What to Watch: Projects and Trends to Keep an Eye On
Toughest Challenge or Greatest Opportunity?
The pandemic continues to have a lingering impact on the office sector. As employees work from home—reports show just 40 percent are back in the office—companies have found they can rein in expenses by offloading unused space. According to research by Transwestern, there’s about 9 million square feet of sublease space available locally, with some notable companies looking to lighten their real estate obligations. In Plano, 225,000 square feet is available in Liberty Mutal’s new Legacy West high-rise. Another 327,400 square feet hit the market after Reata Pharmaceuticals moved into a smaller space. How much of this sublease space will be absorbed—and how quickly—remains to be seen. But at least one top broker is optimistic. “Someone is going to snag it,” says CBRE’s Jeff Ellerman, who leases Reata Pharmaceuticals’ space in Legacy business park.
More Downtown Residences
A little more than 25 years ago, downtown Dallas had just 200 residents. About 20,000 multifamily units have been added since then—and more are on the way. New developments include Dallas Gateway on Ross Avenue from Portman Holdings, which aims to add 700 apartments, along with office and retail space. But, in moves that will further stabilize the downtown market, many of the new apartments are coming from the redevelopment of underperforming office towers. Projects include Woods Capital’s revamp of Bryan Tower and a renovation of Energy Plaza by Todd Interests, which recently added 324 luxury residential units in its vertical mixed-use tower, The National.
Game-Changer for South Dallas
Construction is set to kick off this year on the Southern Gateway Park, spanning Interstate 35 between Ewing and Marsails avenues. The engineering marvel will span 5 acres of wooded slopes and will include water features, a retail complex tucked under a hilltop, and a kids’ playground with many bells and whistles. In the same way its predecessor Klyde Warren Park over Woodall Rodgers Freeway connected Dallas’ Uptown and downtown corridors and sparked new mixed-use and office projects, backers are hoping this latest deck park will spur similar private development in South Dallas.
Wide Open Spaces
Dallas-Fort Worth builders added approximately 59,000 new homes last year.

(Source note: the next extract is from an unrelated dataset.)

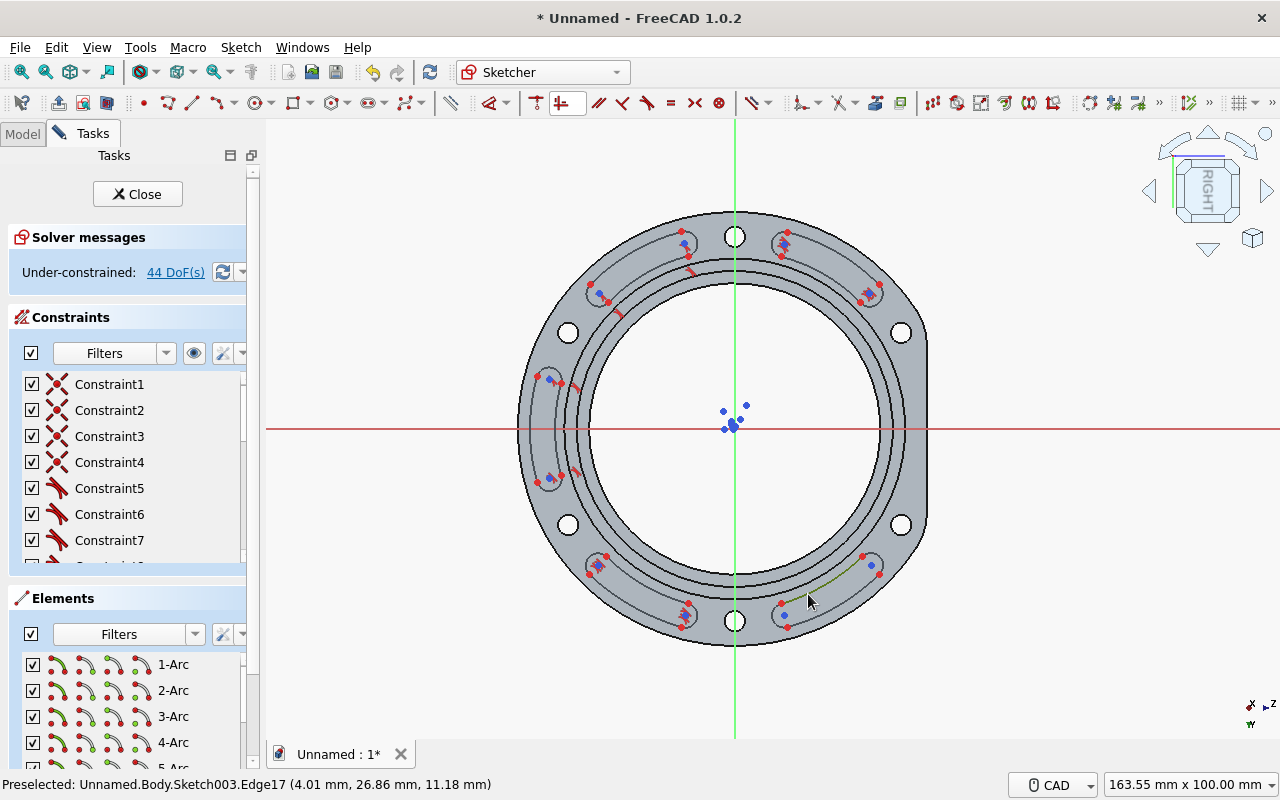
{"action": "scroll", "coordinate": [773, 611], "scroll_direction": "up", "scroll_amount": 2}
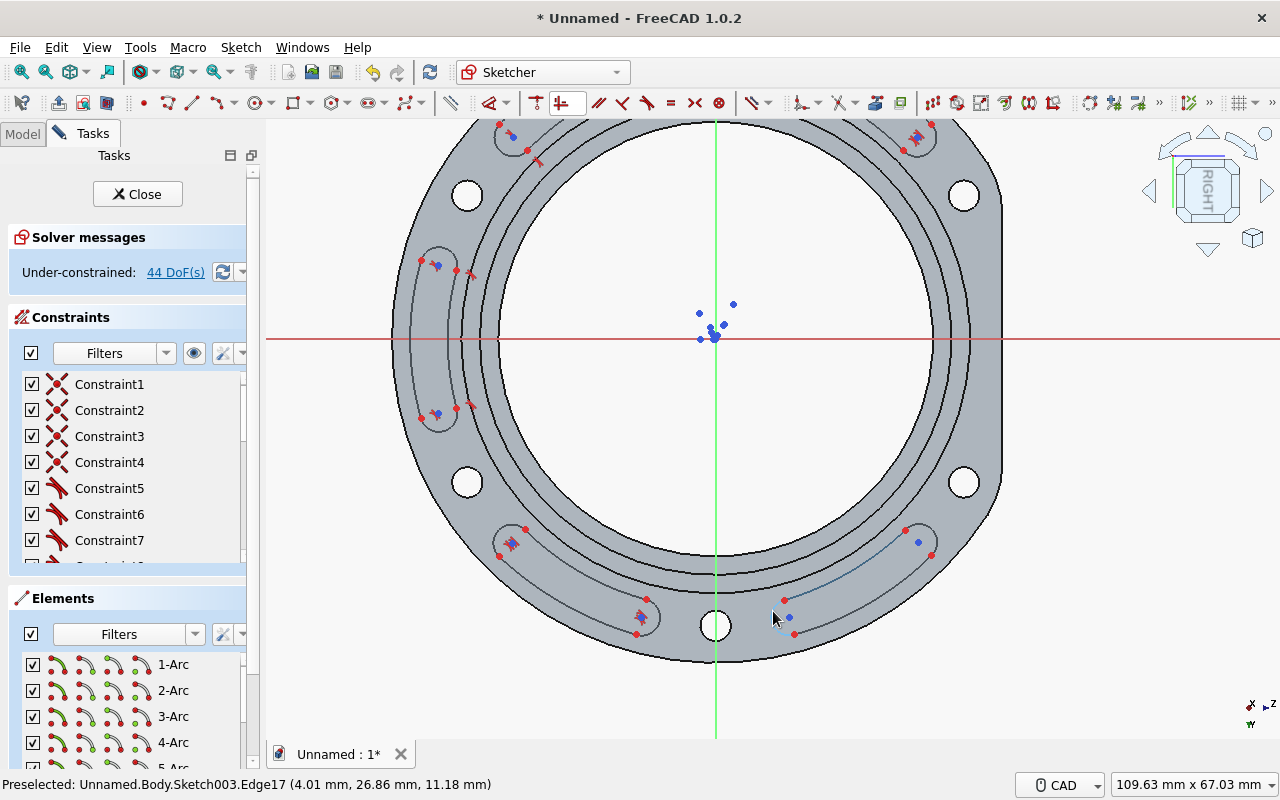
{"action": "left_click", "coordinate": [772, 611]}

But, with historically low mortgage rates, the region is still close to 170,000 houses short of consumer demand. Enter: Anna, Aubrey, Celina, Little Elm, Melissa, Prosper, and Wylie. Get ready to hear a lot more about these outlying suburbs in 2022 as homebuilders continue to gobble up land and announce more massive subdivisions. That, paired with the upcoming Dallas North Tollway’s expansion into Grayson County, gives even more credence to the phrase, “boom in the ’burbs.”
Reinventing Knox Street
It has long been a popular restaurant and retail destination. Now, with the backing of some of real estate’s biggest players, the Knox Street neighborhood is diversifying with landmark projects that will add significant amounts of office, hotel, and residential spaces. Four Rivers Capital is wrapping up its impressive $155 million, 12-story redevelopment of Weir’s Plaza, which includes 250,000 square feet of Class AA office space. And now, a long-awaited 12-acre project funded by Austin billionaire Michael Dell, in collaboration with Trammell Crow Co. and The Retail Connection, is taking shape. The partners have revealed plans for three buildings—a tower with 18 floors of luxury condos atop an Auberge Resorts Collection hotel, another 150-unit residential tower, and a six-story, 125,000-square-foot office building with street-level retail.